▶ [What is needed]:
Each line of the data must reappear exactly in your answer, with no images included.
******
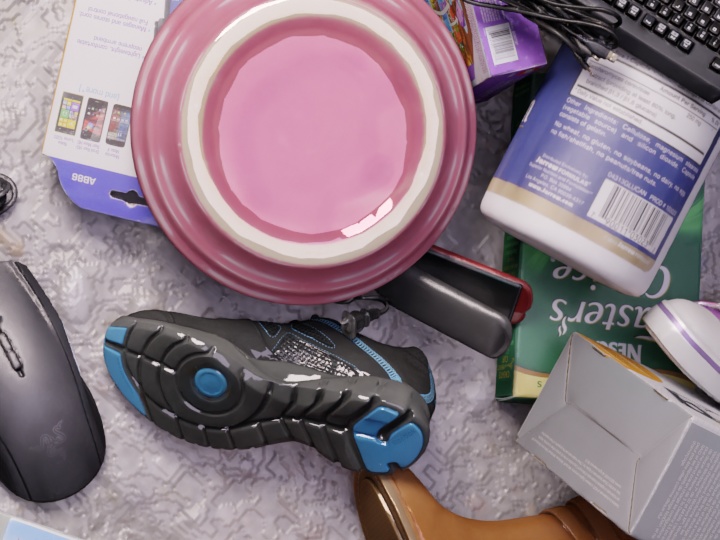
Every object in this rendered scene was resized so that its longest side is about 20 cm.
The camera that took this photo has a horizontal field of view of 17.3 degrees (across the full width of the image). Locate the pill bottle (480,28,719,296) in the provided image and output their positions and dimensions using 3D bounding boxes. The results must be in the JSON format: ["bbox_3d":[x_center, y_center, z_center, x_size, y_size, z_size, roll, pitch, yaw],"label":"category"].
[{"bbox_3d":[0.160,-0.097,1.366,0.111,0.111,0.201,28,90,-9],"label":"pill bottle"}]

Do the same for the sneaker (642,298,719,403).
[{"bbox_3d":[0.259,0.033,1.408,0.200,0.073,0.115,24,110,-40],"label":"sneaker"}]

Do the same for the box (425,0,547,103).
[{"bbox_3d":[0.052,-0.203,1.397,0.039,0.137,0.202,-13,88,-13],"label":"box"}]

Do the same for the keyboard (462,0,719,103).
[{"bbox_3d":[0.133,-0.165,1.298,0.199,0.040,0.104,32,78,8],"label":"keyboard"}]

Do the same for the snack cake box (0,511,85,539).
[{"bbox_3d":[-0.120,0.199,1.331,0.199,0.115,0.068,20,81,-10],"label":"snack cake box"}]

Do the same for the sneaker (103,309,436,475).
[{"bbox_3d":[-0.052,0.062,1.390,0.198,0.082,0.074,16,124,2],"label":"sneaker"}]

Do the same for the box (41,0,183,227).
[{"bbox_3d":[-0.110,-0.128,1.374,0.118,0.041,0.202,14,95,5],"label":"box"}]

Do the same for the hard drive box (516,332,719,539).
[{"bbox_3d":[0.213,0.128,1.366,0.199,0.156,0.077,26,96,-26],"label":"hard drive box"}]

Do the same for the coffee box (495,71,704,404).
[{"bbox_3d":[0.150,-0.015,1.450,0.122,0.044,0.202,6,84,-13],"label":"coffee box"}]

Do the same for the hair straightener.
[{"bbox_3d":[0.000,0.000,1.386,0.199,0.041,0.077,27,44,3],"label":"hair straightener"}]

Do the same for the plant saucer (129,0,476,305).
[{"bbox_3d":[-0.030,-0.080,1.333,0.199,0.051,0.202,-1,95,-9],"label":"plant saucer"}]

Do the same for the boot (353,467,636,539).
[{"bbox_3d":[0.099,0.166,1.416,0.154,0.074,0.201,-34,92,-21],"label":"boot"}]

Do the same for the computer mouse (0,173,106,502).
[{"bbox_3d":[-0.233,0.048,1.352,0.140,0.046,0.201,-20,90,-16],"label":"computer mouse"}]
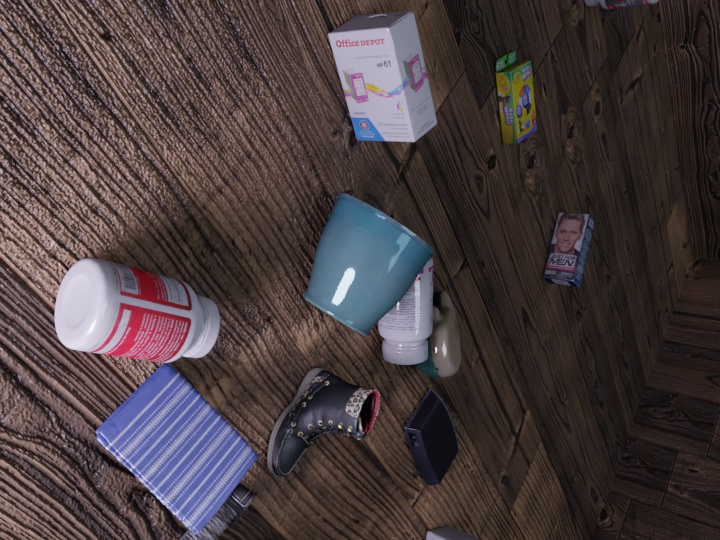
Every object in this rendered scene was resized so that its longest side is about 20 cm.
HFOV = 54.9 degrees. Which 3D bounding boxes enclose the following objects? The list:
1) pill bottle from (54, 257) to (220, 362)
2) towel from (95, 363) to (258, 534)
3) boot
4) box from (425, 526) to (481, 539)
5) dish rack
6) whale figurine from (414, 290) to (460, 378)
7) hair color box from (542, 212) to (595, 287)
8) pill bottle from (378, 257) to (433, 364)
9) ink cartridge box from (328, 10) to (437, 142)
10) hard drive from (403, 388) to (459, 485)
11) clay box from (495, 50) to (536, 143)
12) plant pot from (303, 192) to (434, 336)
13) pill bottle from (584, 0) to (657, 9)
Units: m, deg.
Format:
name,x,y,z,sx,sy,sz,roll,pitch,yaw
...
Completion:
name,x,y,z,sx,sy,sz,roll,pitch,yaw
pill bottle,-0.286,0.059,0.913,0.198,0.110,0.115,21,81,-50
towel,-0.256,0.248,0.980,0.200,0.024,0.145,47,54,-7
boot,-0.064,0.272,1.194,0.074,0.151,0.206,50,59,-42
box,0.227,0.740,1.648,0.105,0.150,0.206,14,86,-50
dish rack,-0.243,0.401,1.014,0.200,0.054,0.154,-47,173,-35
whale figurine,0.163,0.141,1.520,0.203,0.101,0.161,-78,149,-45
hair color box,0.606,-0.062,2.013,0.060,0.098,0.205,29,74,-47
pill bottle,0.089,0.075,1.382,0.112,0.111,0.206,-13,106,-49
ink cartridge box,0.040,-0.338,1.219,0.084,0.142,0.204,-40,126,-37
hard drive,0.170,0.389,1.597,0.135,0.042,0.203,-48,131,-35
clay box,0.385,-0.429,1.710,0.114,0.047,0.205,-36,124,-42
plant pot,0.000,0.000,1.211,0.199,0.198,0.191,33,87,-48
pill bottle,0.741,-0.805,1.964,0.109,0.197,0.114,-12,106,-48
******
▶ [Completed exercise]:
Every object in this rendered scene was resized so that its longest side is about 20 cm.
The camera that took this photo has a horizontal field of view of 17.3 degrees (across the full width of the image). Locate the pill bottle (480,28,719,296) in the provided image and output their positions and dimensions using 3D bounding boxes. The results must be in the JSON format: ["bbox_3d":[x_center, y_center, z_center, x_size, y_size, z_size, roll, pitch, yaw],"label":"category"].
[{"bbox_3d":[0.160,-0.097,1.366,0.111,0.111,0.201,28,90,-9],"label":"pill bottle"}]

Do the same for the sneaker (642,298,719,403).
[{"bbox_3d":[0.259,0.033,1.408,0.200,0.073,0.115,24,110,-40],"label":"sneaker"}]

Do the same for the box (425,0,547,103).
[{"bbox_3d":[0.052,-0.203,1.397,0.039,0.137,0.202,-13,88,-13],"label":"box"}]

Do the same for the keyboard (462,0,719,103).
[{"bbox_3d":[0.133,-0.165,1.298,0.199,0.040,0.104,32,78,8],"label":"keyboard"}]

Do the same for the snack cake box (0,511,85,539).
[{"bbox_3d":[-0.120,0.199,1.331,0.199,0.115,0.068,20,81,-10],"label":"snack cake box"}]

Do the same for the sneaker (103,309,436,475).
[{"bbox_3d":[-0.052,0.062,1.390,0.198,0.082,0.074,16,124,2],"label":"sneaker"}]

Do the same for the box (41,0,183,227).
[{"bbox_3d":[-0.110,-0.128,1.374,0.118,0.041,0.202,14,95,5],"label":"box"}]

Do the same for the hard drive box (516,332,719,539).
[{"bbox_3d":[0.213,0.128,1.366,0.199,0.156,0.077,26,96,-26],"label":"hard drive box"}]

Do the same for the coffee box (495,71,704,404).
[{"bbox_3d":[0.150,-0.015,1.450,0.122,0.044,0.202,6,84,-13],"label":"coffee box"}]

Do the same for the hair straightener.
[{"bbox_3d":[0.000,0.000,1.386,0.199,0.041,0.077,27,44,3],"label":"hair straightener"}]

Do the same for the plant saucer (129,0,476,305).
[{"bbox_3d":[-0.030,-0.080,1.333,0.199,0.051,0.202,-1,95,-9],"label":"plant saucer"}]

Do the same for the boot (353,467,636,539).
[{"bbox_3d":[0.099,0.166,1.416,0.154,0.074,0.201,-34,92,-21],"label":"boot"}]

Do the same for the computer mouse (0,173,106,502).
[{"bbox_3d":[-0.233,0.048,1.352,0.140,0.046,0.201,-20,90,-16],"label":"computer mouse"}]
Every object in this rendered scene was resized so that its longest side is about 20 cm.
HFOV = 54.9 degrees. Which 3D bounding boxes enclose the following objects? The list:
1) pill bottle from (54, 257) to (220, 362)
2) towel from (95, 363) to (258, 534)
3) boot
4) box from (425, 526) to (481, 539)
5) dish rack
6) whale figurine from (414, 290) to (460, 378)
7) hair color box from (542, 212) to (595, 287)
8) pill bottle from (378, 257) to (433, 364)
9) ink cartridge box from (328, 10) to (437, 142)
10) hard drive from (403, 388) to (459, 485)
11) clay box from (495, 50) to (536, 143)
12) plant pot from (303, 192) to (434, 336)
13) pill bottle from (584, 0) to (657, 9)
Units: m, deg.
Format:
name,x,y,z,sx,sy,sz,roll,pitch,yaw
...
Completion:
name,x,y,z,sx,sy,sz,roll,pitch,yaw
pill bottle,-0.286,0.059,0.913,0.198,0.110,0.115,21,81,-50
towel,-0.256,0.248,0.980,0.200,0.024,0.145,47,54,-7
boot,-0.064,0.272,1.194,0.074,0.151,0.206,50,59,-42
box,0.227,0.740,1.648,0.105,0.150,0.206,14,86,-50
dish rack,-0.243,0.401,1.014,0.200,0.054,0.154,-47,173,-35
whale figurine,0.163,0.141,1.520,0.203,0.101,0.161,-78,149,-45
hair color box,0.606,-0.062,2.013,0.060,0.098,0.205,29,74,-47
pill bottle,0.089,0.075,1.382,0.112,0.111,0.206,-13,106,-49
ink cartridge box,0.040,-0.338,1.219,0.084,0.142,0.204,-40,126,-37
hard drive,0.170,0.389,1.597,0.135,0.042,0.203,-48,131,-35
clay box,0.385,-0.429,1.710,0.114,0.047,0.205,-36,124,-42
plant pot,0.000,0.000,1.211,0.199,0.198,0.191,33,87,-48
pill bottle,0.741,-0.805,1.964,0.109,0.197,0.114,-12,106,-48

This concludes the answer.